* _Your goal_
All lines below containing the string "saucer" are to be copied.

===== Data shown

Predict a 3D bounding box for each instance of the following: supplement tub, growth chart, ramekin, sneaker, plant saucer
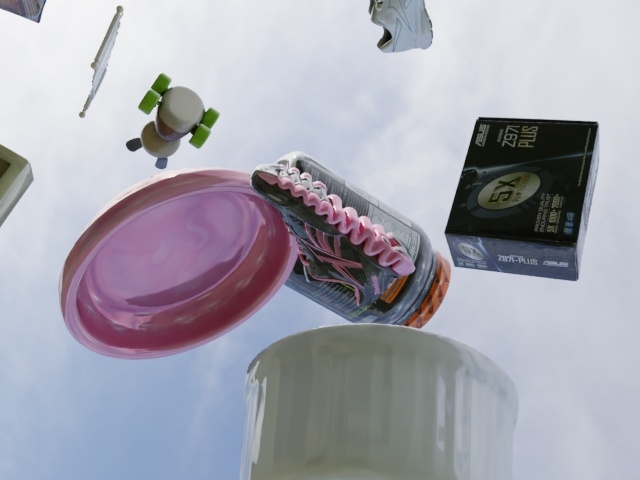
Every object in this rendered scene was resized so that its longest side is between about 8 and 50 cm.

==========
===== Data shown

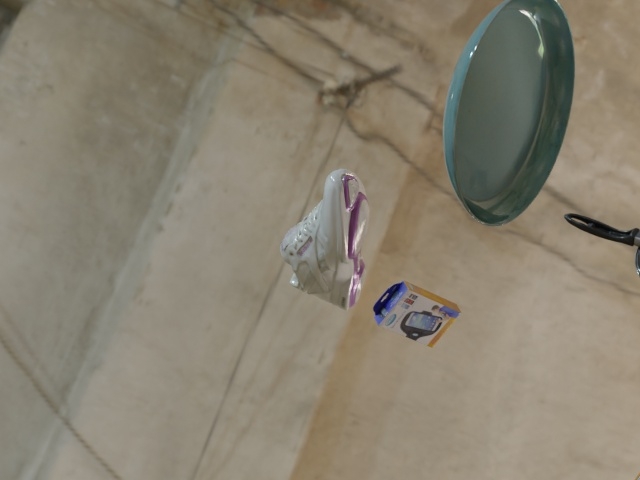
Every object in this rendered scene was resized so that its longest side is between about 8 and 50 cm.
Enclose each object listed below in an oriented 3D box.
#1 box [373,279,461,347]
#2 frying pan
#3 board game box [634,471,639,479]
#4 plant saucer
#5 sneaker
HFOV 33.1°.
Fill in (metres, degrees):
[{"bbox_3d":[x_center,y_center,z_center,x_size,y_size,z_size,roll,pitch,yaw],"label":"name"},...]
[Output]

==========
===== Data shown

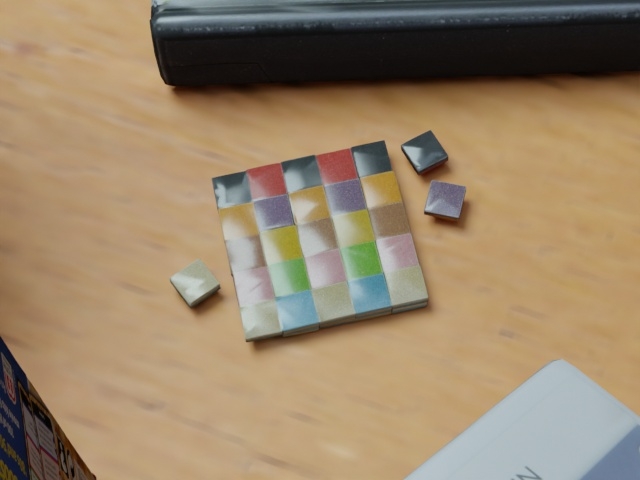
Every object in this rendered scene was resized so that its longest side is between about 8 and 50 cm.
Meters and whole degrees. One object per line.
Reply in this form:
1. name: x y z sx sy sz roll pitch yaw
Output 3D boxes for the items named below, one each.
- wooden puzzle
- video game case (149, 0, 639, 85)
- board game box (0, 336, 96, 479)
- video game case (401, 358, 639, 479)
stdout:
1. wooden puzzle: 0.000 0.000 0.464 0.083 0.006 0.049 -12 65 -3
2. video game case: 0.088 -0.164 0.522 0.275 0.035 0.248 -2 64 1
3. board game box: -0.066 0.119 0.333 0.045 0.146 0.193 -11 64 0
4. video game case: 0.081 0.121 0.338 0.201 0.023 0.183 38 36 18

==========

* _Finished task_
Predict a 3D bounding box for each instance of the following: supplement tub, growth chart, ramekin, sneaker, plant saucer
#4 plant saucer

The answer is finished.